◆ Prompt
Taking the line with "1) person (1661, 771, 1699, 825)" as the first and the line with "tennis ball,0.281,0.052,0.721,0.064,0.064,0.064,9,53,7" as the last, set down exactly every line in that range from the entries below, and no more.

◆ Information supplied
◆ ◆ ◆ ◆

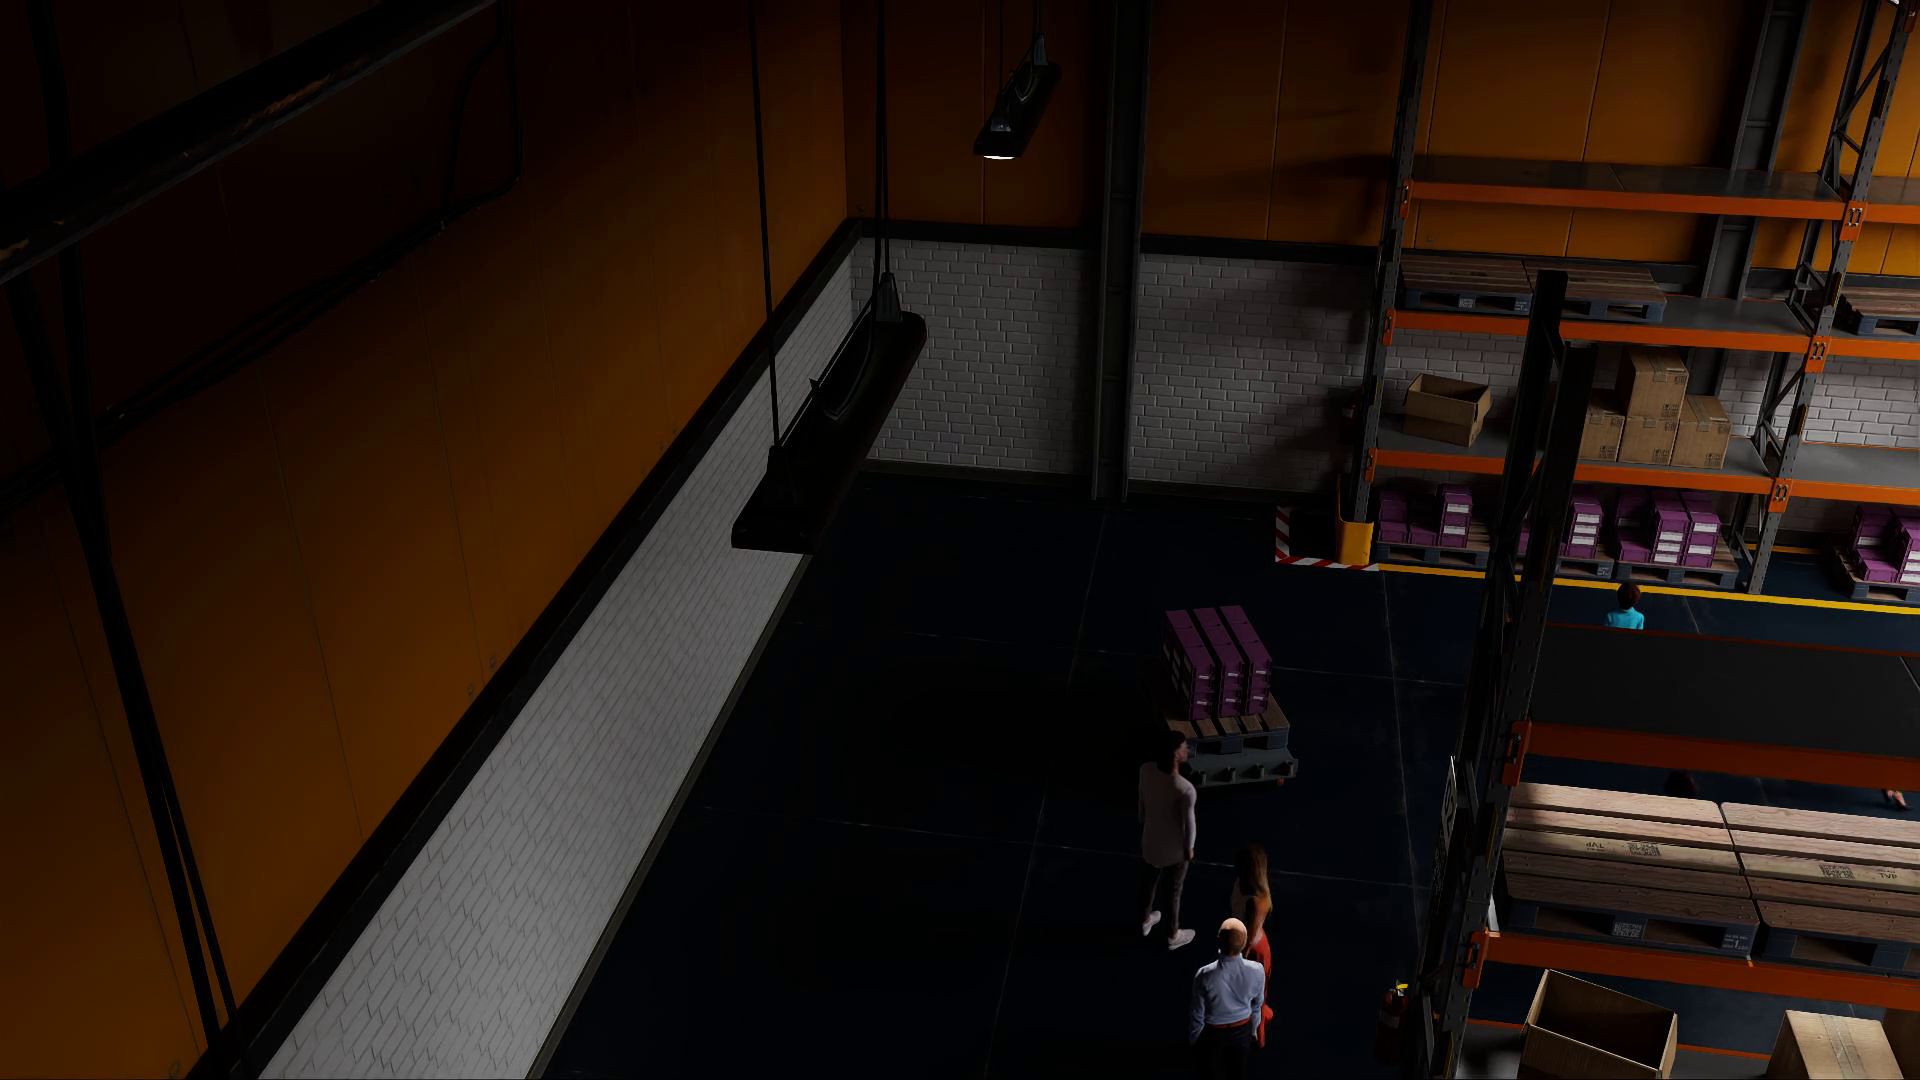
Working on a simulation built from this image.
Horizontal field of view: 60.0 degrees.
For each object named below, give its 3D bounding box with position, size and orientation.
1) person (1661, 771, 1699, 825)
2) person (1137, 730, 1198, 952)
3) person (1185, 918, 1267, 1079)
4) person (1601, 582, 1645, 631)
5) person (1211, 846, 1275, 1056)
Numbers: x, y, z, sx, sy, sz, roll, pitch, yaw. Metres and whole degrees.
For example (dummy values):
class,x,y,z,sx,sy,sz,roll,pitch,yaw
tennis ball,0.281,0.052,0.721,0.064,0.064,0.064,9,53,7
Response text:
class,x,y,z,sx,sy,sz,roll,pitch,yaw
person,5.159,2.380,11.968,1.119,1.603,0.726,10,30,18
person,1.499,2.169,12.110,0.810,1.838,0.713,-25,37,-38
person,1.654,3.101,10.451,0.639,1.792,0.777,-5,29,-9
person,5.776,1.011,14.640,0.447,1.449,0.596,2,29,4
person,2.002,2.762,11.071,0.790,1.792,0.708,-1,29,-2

◆ ◆ ◆ ◆

◆ Answer to the problem
1) person (1661, 771, 1699, 825)
2) person (1137, 730, 1198, 952)
3) person (1185, 918, 1267, 1079)
4) person (1601, 582, 1645, 631)
5) person (1211, 846, 1275, 1056)
Numbers: x, y, z, sx, sy, sz, roll, pitch, yaw. Metres and whole degrees.
For example (dummy values):
class,x,y,z,sx,sy,sz,roll,pitch,yaw
tennis ball,0.281,0.052,0.721,0.064,0.064,0.064,9,53,7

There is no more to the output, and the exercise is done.